BACKGROUND: The European Organization for Research and Treatment of Cancer (EORTC) risk scores are not validated in an independent patient population. Molecular grade (mG) based on fibroblast growth factor receptor 3 (FGFR3) gene mutation status and MIB-1 expression was proposed as an alternative to pathologic grade in bladder cancer (BCa) [1]. OBJECTIVE: To validate the EORTC risk score and to determine its relation to mG in a series with long-term follow-up as well as to determine reproducibility of pathologic grade and mG. DESIGN, SETTING, AND PARTICIPANTS: In this multicenter study, we included 230 patients with primary non-muscle-invasive BCa (NMIBC). MEASUREMENTS: Four uropathologists reviewed the slides. FGFR3 mutation status was examined by two assays. MIB-1 was assessed by immunohistochemistry. The EORTC risk scores for recurrence and progression were determined. Multivariable analyses were used to find prognostic factors. RESULTS AND LIMITATIONS: Median follow-up was 8.62 yr (interquartile range: 6.6-11.8). FGFR3 mutations were significantly related to favorable disease parameters, whereas altered MIB-1 was frequently seen with pT1, high grade, and high EORTC risk scores. EORTC risk scores were significant in multivariable analyses for recurrence and progression. In multivariable analyses for progression and disease-specific survival, the mG had independent significance. The addition of mG to the multivariable model for progression increased the predictive accuracy from 74.9% to 81.7% (p<0.001; Mantel-Haenszel test). The mG (89%) was more reproducible than the pathologic grade (41-74%). CONCLUSIONS: We validated the EORTC risk scores for primary NMIBC in a clinical and biomarker setting. Next to EORTC risk score, mG proved highly reproducible and predictive. Our long-term results justify an independent prospective analysis of mG and EORTC risk scores.
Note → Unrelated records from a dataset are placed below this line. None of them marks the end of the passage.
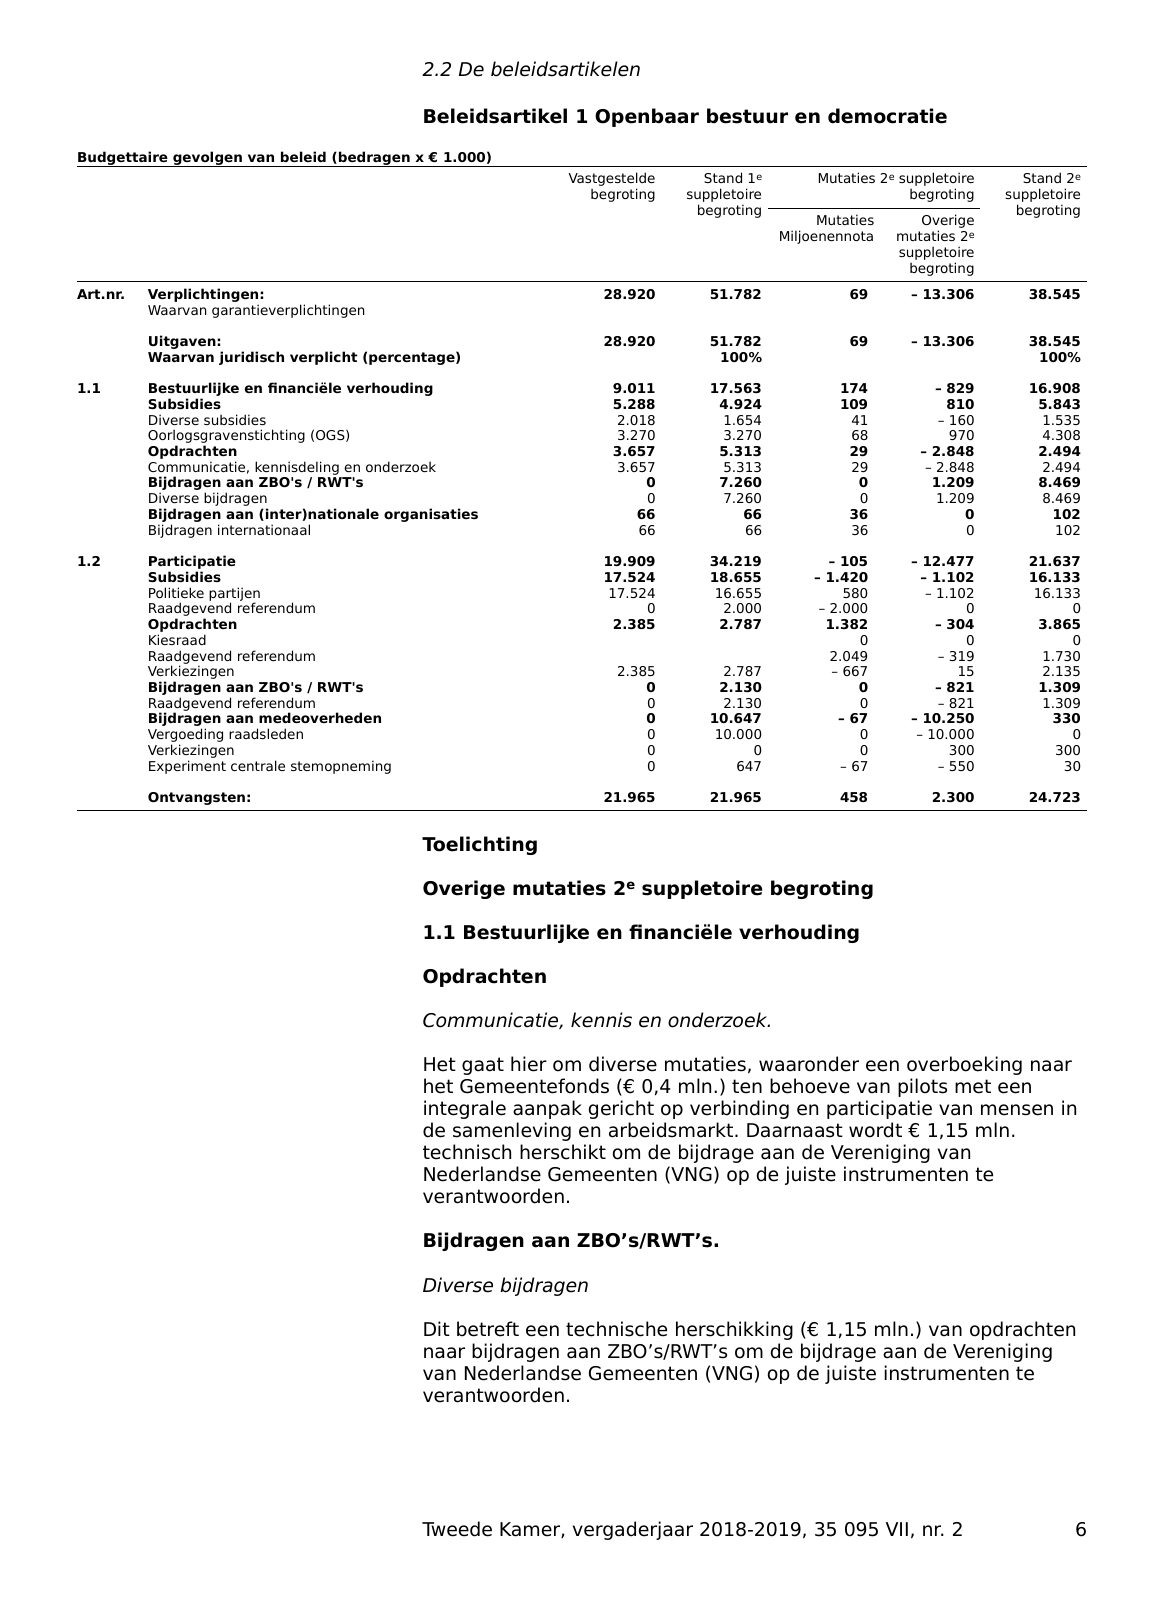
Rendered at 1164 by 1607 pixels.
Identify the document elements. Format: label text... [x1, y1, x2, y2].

table_cell – 550 [874, 759, 980, 774]
table_cell [661, 538, 768, 554]
table_cell [142, 774, 555, 790]
text Het gaat hier om diverse mutaties, waaronder een overboeking naar het Gemeentefonds (€ 0,4 mln.) ten behoeve van pilots met een integrale aanpak gericht op verbinding en participatie van mensen in de samenleving en arbeidsmarkt. Daarnaast wordt € 1,15 mln. technisch herschikt om de bijdrage aan de Vereniging van Nederlandse Gemeenten (VNG) op de juiste instrumenten te verantwoorden. [422, 1054, 1087, 1208]
table_cell 5.313 [661, 444, 768, 459]
table_cell – 821 [874, 696, 980, 711]
table_cell 36 [768, 507, 874, 522]
table_cell 109 [768, 397, 874, 412]
table_cell 100% [980, 350, 1087, 365]
table_cell 0 [768, 743, 874, 758]
table_cell [874, 774, 980, 790]
table_cell 24.723 [980, 790, 1087, 810]
table_cell Politieke partijen [142, 585, 555, 601]
table_cell 68 [768, 428, 874, 444]
table_cell [768, 350, 874, 365]
table_cell Waarvan juridisch verplicht (percentage) [142, 350, 555, 365]
table_cell 0 [768, 680, 874, 696]
table_cell 2.787 [661, 617, 768, 633]
table_cell 0 [555, 601, 661, 617]
table_cell – 1.102 [874, 570, 980, 585]
table_cell 3.270 [555, 428, 661, 444]
table_cell Stand 1e suppletoire begroting [661, 167, 768, 281]
table_cell 0 [555, 759, 661, 774]
table_cell 330 [980, 711, 1087, 727]
table_cell – 2.848 [874, 460, 980, 475]
table_cell [661, 633, 768, 648]
table_cell [768, 774, 874, 790]
table_cell [661, 648, 768, 664]
table_cell [77, 523, 142, 538]
table_cell 69 [768, 334, 874, 349]
table_cell [980, 302, 1087, 318]
table_cell 36 [768, 523, 874, 538]
table_cell Bijdragen aan (inter)nationale organisaties [142, 507, 555, 522]
table_cell [142, 538, 555, 554]
table_cell 0 [555, 711, 661, 727]
table_cell 0 [874, 523, 980, 538]
table_cell Raadgevend referendum [142, 601, 555, 617]
table_cell 0 [555, 727, 661, 743]
table_cell 0 [768, 727, 874, 743]
table_cell [980, 774, 1087, 790]
table_cell 300 [980, 743, 1087, 758]
table_cell Mutaties 2e suppletoire begroting [768, 167, 980, 207]
table_cell Waarvan garantieverplichtingen [142, 302, 555, 318]
table_cell [661, 302, 768, 318]
table_cell [77, 711, 142, 727]
table_cell Oorlogsgravenstichting (OGS) [142, 428, 555, 444]
table_cell 2.130 [661, 696, 768, 711]
table_cell 8.469 [980, 491, 1087, 507]
table_cell 2.385 [555, 664, 661, 680]
table_cell 0 [768, 475, 874, 491]
table_cell 16.655 [661, 585, 768, 601]
table_cell Raadgevend referendum [142, 696, 555, 711]
table_cell Participatie [142, 554, 555, 570]
table_cell 21.965 [661, 790, 768, 810]
table_cell Vergoeding raadsleden [142, 727, 555, 743]
table_cell 3.865 [980, 617, 1087, 633]
table_cell 30 [980, 759, 1087, 774]
table_cell 174 [768, 381, 874, 397]
table_cell 51.782 [661, 282, 768, 302]
subtitle Toelichting [422, 833, 1087, 856]
table_cell 51.782 [661, 334, 768, 349]
table_cell Experiment centrale stemopneming [142, 759, 555, 774]
table_cell [77, 727, 142, 743]
table_cell 1.209 [874, 475, 980, 491]
table_cell – 67 [768, 711, 874, 727]
table_cell 29 [768, 444, 874, 459]
table_cell [77, 790, 142, 810]
table_cell 29 [768, 460, 874, 475]
table_cell Vastgestelde begroting [555, 167, 661, 281]
table_cell – 67 [768, 759, 874, 774]
table_cell [77, 774, 142, 790]
table_cell 5.288 [555, 397, 661, 412]
table_cell – 13.306 [874, 334, 980, 349]
table_cell [555, 350, 661, 365]
table_cell [555, 538, 661, 554]
table_cell 7.260 [661, 491, 768, 507]
table_cell – 829 [874, 381, 980, 397]
table_cell Communicatie, kennisdeling en onderzoek [142, 460, 555, 475]
table_cell 38.545 [980, 334, 1087, 349]
table_cell Uitgaven: [142, 334, 555, 349]
table_cell [874, 318, 980, 334]
table_cell 2.049 [768, 648, 874, 664]
table_cell 0 [874, 601, 980, 617]
table_cell – 1.420 [768, 570, 874, 585]
table_cell 16.133 [980, 570, 1087, 585]
table_cell 1.309 [980, 680, 1087, 696]
table_cell 1.2 [77, 554, 142, 570]
table_cell 0 [661, 743, 768, 758]
table_cell 300 [874, 743, 980, 758]
table_cell 10.647 [661, 711, 768, 727]
table_cell 0 [980, 727, 1087, 743]
table_cell [768, 302, 874, 318]
table_cell [980, 318, 1087, 334]
table_cell 810 [874, 397, 980, 412]
table_cell [77, 167, 142, 281]
table_cell – 821 [874, 680, 980, 696]
table_cell 21.637 [980, 554, 1087, 570]
text Dit betreft een technische herschikking (€ 1,15 mln.) van opdrachten naar bijdragen aan ZBO’s/RWT’s om de bijdrage aan de Vereniging van Nederlandse Gemeenten (VNG) op de juiste instrumenten te verantwoorden. [422, 1319, 1087, 1407]
table_cell 2.135 [980, 664, 1087, 680]
table_cell 8.469 [980, 475, 1087, 491]
table_cell Diverse subsidies [142, 413, 555, 428]
table_cell [77, 759, 142, 774]
table_cell 0 [980, 601, 1087, 617]
table_cell 18.655 [661, 570, 768, 585]
table_cell 0 [768, 491, 874, 507]
table_cell 66 [555, 507, 661, 522]
table_cell [77, 601, 142, 617]
subtitle 1.1 Bestuurlijke en financiële verhouding [422, 922, 1087, 944]
table_cell Ontvangsten: [142, 790, 555, 810]
table_cell Raadgevend referendum [142, 648, 555, 664]
table_cell 1.730 [980, 648, 1087, 664]
table_cell [77, 444, 142, 459]
table_cell [142, 365, 555, 381]
table_cell 69 [768, 282, 874, 302]
table_cell Diverse bijdragen [142, 491, 555, 507]
table_cell Mutaties Miljoenennota [768, 209, 874, 281]
table_cell [661, 774, 768, 790]
table_cell 3.657 [555, 460, 661, 475]
table_cell Subsidies [142, 570, 555, 585]
table_cell Bestuurlijke en financiële verhouding [142, 381, 555, 397]
table_cell 102 [980, 523, 1087, 538]
table_cell 17.563 [661, 381, 768, 397]
table_cell – 667 [768, 664, 874, 680]
table_cell 0 [555, 491, 661, 507]
table_cell [77, 397, 142, 412]
table_cell 38.545 [980, 282, 1087, 302]
table_cell 21.965 [555, 790, 661, 810]
table_cell [874, 365, 980, 381]
table_header Budgettaire gevolgen van beleid (bedragen x € 1.000) [77, 150, 1087, 166]
table_cell Verkiezingen [142, 664, 555, 680]
subtitle Overige mutaties 2e suppletoire begroting [422, 878, 1087, 900]
table_cell [555, 648, 661, 664]
table_cell Subsidies [142, 397, 555, 412]
table_cell 0 [980, 633, 1087, 648]
table_cell [555, 774, 661, 790]
table_cell [768, 365, 874, 381]
table_cell 66 [661, 523, 768, 538]
table_cell 5.843 [980, 397, 1087, 412]
table_cell 2.787 [661, 664, 768, 680]
table_cell 1.535 [980, 413, 1087, 428]
table_cell Bijdragen internationaal [142, 523, 555, 538]
table_cell [77, 507, 142, 522]
table_cell 19.909 [555, 554, 661, 570]
table_cell [77, 350, 142, 365]
table_cell 1.209 [874, 491, 980, 507]
table_cell Verkiezingen [142, 743, 555, 758]
table_cell [874, 350, 980, 365]
table_cell Kiesraad [142, 633, 555, 648]
table_cell – 160 [874, 413, 980, 428]
table_cell – 2.848 [874, 444, 980, 459]
table_cell [661, 318, 768, 334]
table_cell Opdrachten [142, 617, 555, 633]
table_cell – 319 [874, 648, 980, 664]
table_cell – 2.000 [768, 601, 874, 617]
table_cell 10.000 [661, 727, 768, 743]
table_cell 17.524 [555, 570, 661, 585]
table_cell 970 [874, 428, 980, 444]
subtitle Bijdragen aan ZBO’s/RWT’s. [422, 1230, 1087, 1252]
table_cell [77, 334, 142, 349]
table_cell 1.382 [768, 617, 874, 633]
table_cell 0 [555, 475, 661, 491]
subtitle Diverse bijdragen [422, 1274, 1087, 1297]
table_cell [980, 365, 1087, 381]
table_cell Art.nr. [77, 282, 142, 302]
table_cell Overige mutaties 2e suppletoire begroting [874, 209, 980, 281]
table_cell 4.308 [980, 428, 1087, 444]
table_cell 7.260 [661, 475, 768, 491]
table_cell [555, 302, 661, 318]
subtitle Communicatie, kennis en onderzoek. [422, 1010, 1087, 1032]
table_cell 17.524 [555, 585, 661, 601]
table_cell [77, 491, 142, 507]
table_cell [77, 743, 142, 758]
table_cell – 1.102 [874, 585, 980, 601]
table_cell [77, 585, 142, 601]
table_cell [874, 538, 980, 554]
table_cell [768, 538, 874, 554]
table_cell Stand 2e suppletoire begroting [980, 167, 1087, 281]
table_cell [77, 648, 142, 664]
table_cell 2.494 [980, 460, 1087, 475]
table_cell 66 [555, 523, 661, 538]
table_cell [555, 365, 661, 381]
table_cell 1.1 [77, 381, 142, 397]
table_cell [77, 538, 142, 554]
table_cell 3.270 [661, 428, 768, 444]
table_cell 3.657 [555, 444, 661, 459]
table_cell [77, 460, 142, 475]
table_cell [768, 318, 874, 334]
table_cell 2.385 [555, 617, 661, 633]
table_cell Verplichtingen: [142, 282, 555, 302]
table_cell 2.130 [661, 680, 768, 696]
table_cell – 12.477 [874, 554, 980, 570]
table_cell [980, 538, 1087, 554]
table_cell – 10.000 [874, 727, 980, 743]
table_cell 0 [555, 696, 661, 711]
table_cell 102 [980, 507, 1087, 522]
table_cell 0 [874, 507, 980, 522]
table_cell [555, 633, 661, 648]
table_cell [77, 680, 142, 696]
table_cell 66 [661, 507, 768, 522]
table_cell [77, 617, 142, 633]
table_cell 28.920 [555, 282, 661, 302]
table_cell 580 [768, 585, 874, 601]
table_cell Bijdragen aan ZBO's / RWT's [142, 475, 555, 491]
subtitle Beleidsartikel 1 Openbaar bestuur en democratie [422, 106, 1087, 128]
table_cell [142, 318, 555, 334]
table_cell 0 [768, 633, 874, 648]
table_cell [77, 428, 142, 444]
table_cell 0 [555, 743, 661, 758]
table_cell 0 [874, 633, 980, 648]
table_cell 9.011 [555, 381, 661, 397]
table_cell [77, 302, 142, 318]
table_cell 16.908 [980, 381, 1087, 397]
table_cell [77, 475, 142, 491]
table_cell 0 [768, 696, 874, 711]
table_cell [77, 365, 142, 381]
table_cell 2.494 [980, 444, 1087, 459]
table_cell Bijdragen aan medeoverheden [142, 711, 555, 727]
table_cell [874, 302, 980, 318]
table_cell 100% [661, 350, 768, 365]
table_cell 28.920 [555, 334, 661, 349]
table_cell 2.300 [874, 790, 980, 810]
table_cell 458 [768, 790, 874, 810]
table_cell [77, 696, 142, 711]
table_cell [661, 365, 768, 381]
table_cell 16.133 [980, 585, 1087, 601]
table_cell – 105 [768, 554, 874, 570]
table_cell 2.018 [555, 413, 661, 428]
table_cell 15 [874, 664, 980, 680]
table_cell [77, 664, 142, 680]
table_cell 647 [661, 759, 768, 774]
table_cell 2.000 [661, 601, 768, 617]
table_cell Bijdragen aan ZBO's / RWT's [142, 680, 555, 696]
table_cell Opdrachten [142, 444, 555, 459]
table_cell [142, 167, 555, 281]
table_cell 1.654 [661, 413, 768, 428]
table_cell – 13.306 [874, 282, 980, 302]
table_cell – 10.250 [874, 711, 980, 727]
table_cell 4.924 [661, 397, 768, 412]
table_cell [77, 570, 142, 585]
subtitle 2.2 De beleidsartikelen [422, 59, 1087, 81]
table_cell [77, 633, 142, 648]
table_cell 34.219 [661, 554, 768, 570]
table_cell [77, 318, 142, 334]
table_cell 41 [768, 413, 874, 428]
table_cell 0 [555, 680, 661, 696]
table_cell [555, 318, 661, 334]
subtitle Opdrachten [422, 966, 1087, 988]
table_cell [77, 413, 142, 428]
table_cell – 304 [874, 617, 980, 633]
table_cell 5.313 [661, 460, 768, 475]
table_cell 1.309 [980, 696, 1087, 711]

Frequent FGFR3 mutations in urothelial papilloma.

Activating point mutations in the FGFR3 gene occur frequently in low-grade and low-stage bladder carcinomas, whereas they are rare in high-grade carcinomas. This study investigates the incidence of FGFR3 mutations in 12 urothelial papillomas and 79 pTaG1 tumours which were regraded according to the 1998 WHO/ISUP classification system, resulting in 62 papillary urothelial neoplasms of low malignant potential (PUNs-LMP) and 17 low-grade papillary urothelial carcinomas (LG-PUCs). FGFR3 mutation analysis of 21 ovarian Brenner tumours was also performed. Seventy-seven cases were detected with a mutation in the FGFR3 gene. The mutations were exclusively found in bladder neoplasms. In urothelial papilloma, generally considered a benign lesion, 9/12 (75%) mutations were found. This report is the first to describe a genetic defect in urothelial papilloma. A comparable percentage of mutations was found in PUNs-LMP (85%) and LG-PUCs (88%). No mutations were found in matched normal DNA from bladder tumour patients. The mean follow-up was 5.78 years (range 0.21-17.60 years). Five patients developed high-grade papillary urothelial carcinoma from 2.5 to 12 years after first diagnosis. Two patients died of bladder cancer. The mean number of recurrences (recurrence rate) per year was 0.03, 0.21, and 0.46, respectively, for papilloma, PUN-LMP, and LG-PUC. Urothelial papilloma is a rare lesion with a benign natural behaviour compared with PUN-LMP and LG-PUC of the bladder, but from a molecular perspective, papillomas should be classified together with all well-differentiated urothelial neoplasms.